Okay, I've posted after a long time, I know... But I'm here with another doubt.

The ratio between the sides of 2 regular polygons is 4 : 5 and the ratio between the interior angles is 15 : 16. Find the number of sides.

Thanks! - Jan 6th 2007, 05:34 AMCaptainBlack
Let the number of sides of the polygons be $\displaystyle n$ and $\displaystyle m$, then the first condition tell you that:

$\displaystyle \frac{n}{m}=\frac{4}{5}\ \ \ \dots(1) $,

and as the interior angle of a ploygon with $\displaystyle n$ sides is $\displaystyle 180(n-2)/n$, the second condition tells us that:

$\displaystyle

\frac{n-2}{n}\,\frac{m}{m-2}=\frac{15}{16}

$

which may be simplified as we know $\displaystyle n/m=4/5$ to:

$\displaystyle

\frac{n-2}{m-2}=\frac{3}{4}\ \ \ \dots(2)

$

Now we can proceed to solve $\displaystyle (1)$ and $\displaystyle (2)$, or we can just guess, when we find $\displaystyle n=8$, $\displaystyle m=10$.

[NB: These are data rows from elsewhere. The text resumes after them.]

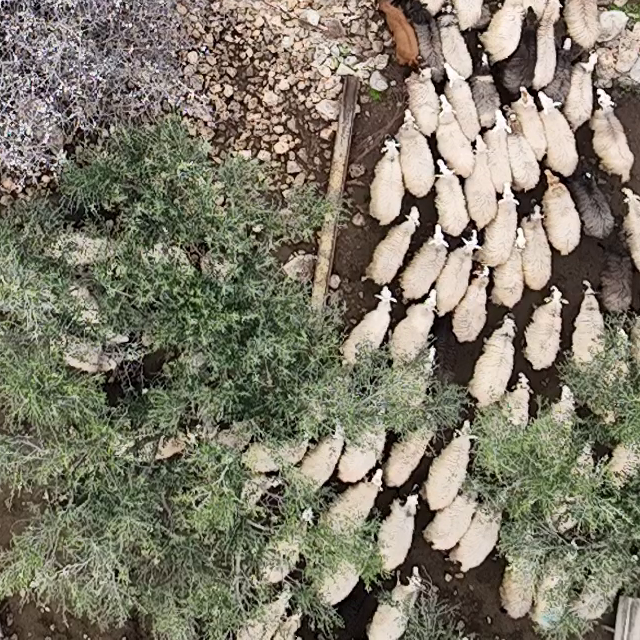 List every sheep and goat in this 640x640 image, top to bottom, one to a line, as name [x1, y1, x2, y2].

goat [376, 0, 418, 66]
sheep [400, 0, 445, 82]
sheep [417, 0, 445, 16]
sheep [438, 0, 473, 78]
sheep [450, 0, 484, 31]
sheep [478, 0, 526, 64]
sheep [512, 0, 545, 21]
sheep [529, 0, 560, 90]
sheep [563, 0, 600, 49]
sheep [492, 6, 539, 103]
sheep [546, 35, 572, 103]
sheep [467, 49, 501, 129]
sheep [562, 53, 599, 131]
sheep [442, 62, 481, 141]
sheep [403, 70, 438, 139]
sheep [507, 83, 550, 162]
sheep [591, 87, 635, 183]
sheep [535, 91, 578, 177]
sheep [433, 95, 476, 176]
sheep [399, 107, 434, 197]
sheep [502, 108, 539, 190]
sheep [483, 109, 514, 191]
sheep [370, 133, 399, 227]
sheep [466, 134, 496, 224]
sheep [431, 158, 470, 237]
sheep [574, 158, 615, 239]
sheep [543, 168, 581, 256]
sheep [472, 181, 519, 268]
sheep [620, 187, 639, 275]
sheep [521, 205, 551, 287]
sheep [360, 206, 420, 282]
sheep [399, 224, 449, 299]
sheep [491, 228, 528, 305]
sheep [598, 228, 630, 316]
sheep [434, 231, 479, 316]
sheep [49, 232, 132, 264]
sheep [146, 240, 197, 278]
sheep [204, 249, 241, 288]
sheep [282, 257, 321, 288]
sheep [450, 265, 490, 341]
sheep [61, 276, 130, 344]
sheep [569, 278, 604, 373]
sheep [340, 286, 395, 365]
sheep [521, 286, 569, 369]
sheep [387, 289, 437, 366]
sheep [464, 311, 517, 408]
sheep [586, 323, 632, 421]
sheep [54, 344, 141, 375]
sheep [384, 345, 436, 429]
sheep [489, 371, 529, 441]
sheep [529, 384, 577, 475]
sheep [336, 407, 389, 483]
sheep [384, 415, 438, 488]
sheep [215, 417, 257, 451]
sheep [425, 421, 471, 510]
sheep [292, 424, 345, 494]
sheep [111, 426, 199, 459]
sheep [236, 428, 311, 473]
sheep [596, 435, 639, 489]
sheep [546, 443, 594, 521]
sheep [320, 469, 383, 546]
sheep [239, 478, 284, 510]
sheep [421, 488, 478, 550]
sheep [369, 494, 419, 574]
sheep [447, 498, 506, 575]
sheep [259, 508, 313, 580]
sheep [306, 521, 375, 602]
sheep [498, 526, 540, 619]
sheep [529, 536, 576, 629]
sheep [573, 551, 619, 623]
sheep [370, 568, 422, 639]
sheep [238, 585, 290, 639]
sheep [272, 604, 302, 636]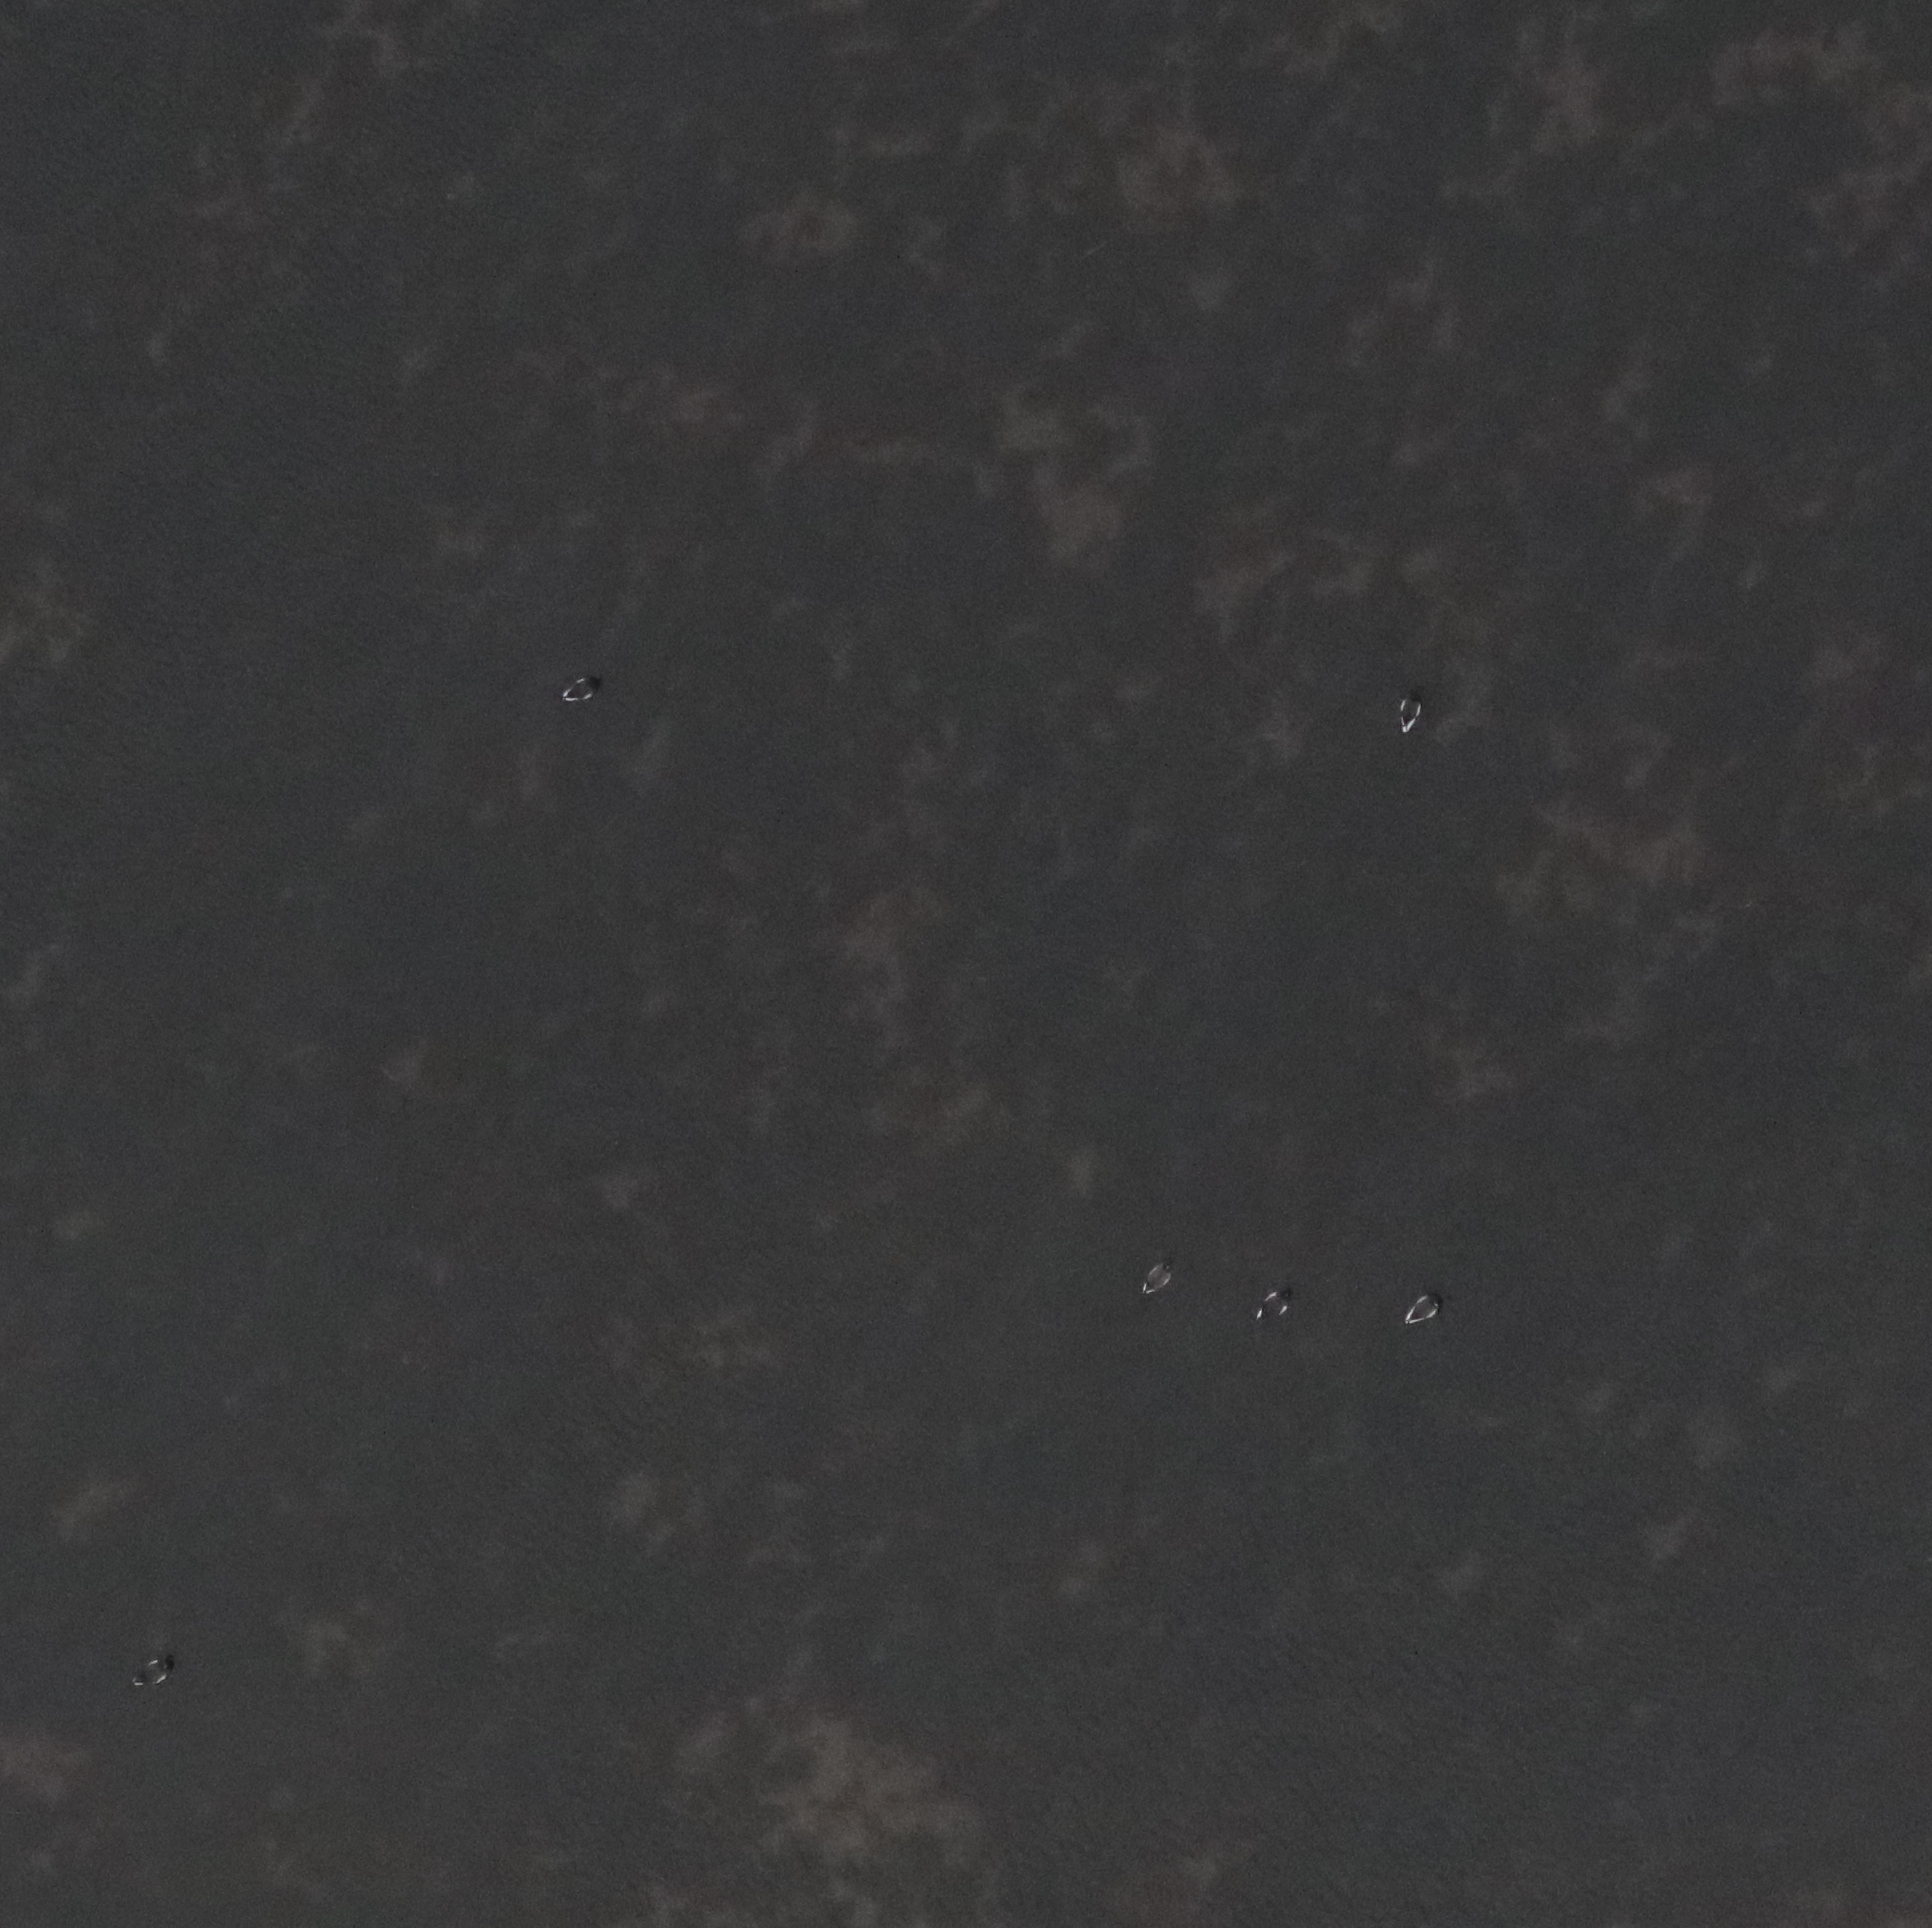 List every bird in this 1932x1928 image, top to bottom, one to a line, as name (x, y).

brant (582, 688)
brant (1411, 711)
brant (1157, 1277)
brant (1275, 1305)
brant (1425, 1307)
brant (157, 1669)

RonL - Jan 6th 2007, 05:50 AMRuler of Hell
Wait, I'm still a li'l confused. How did you solve equation 1 and 2? Sorry....

- Jan 6th 2007, 05:53 AMCaptainBlack
- Jan 6th 2007, 06:06 AMRuler of Hell
Got it! Yay, thanks a tonne Captain Black... (Though I used 2 different methods, yours and another one) Nonetheless, thanks!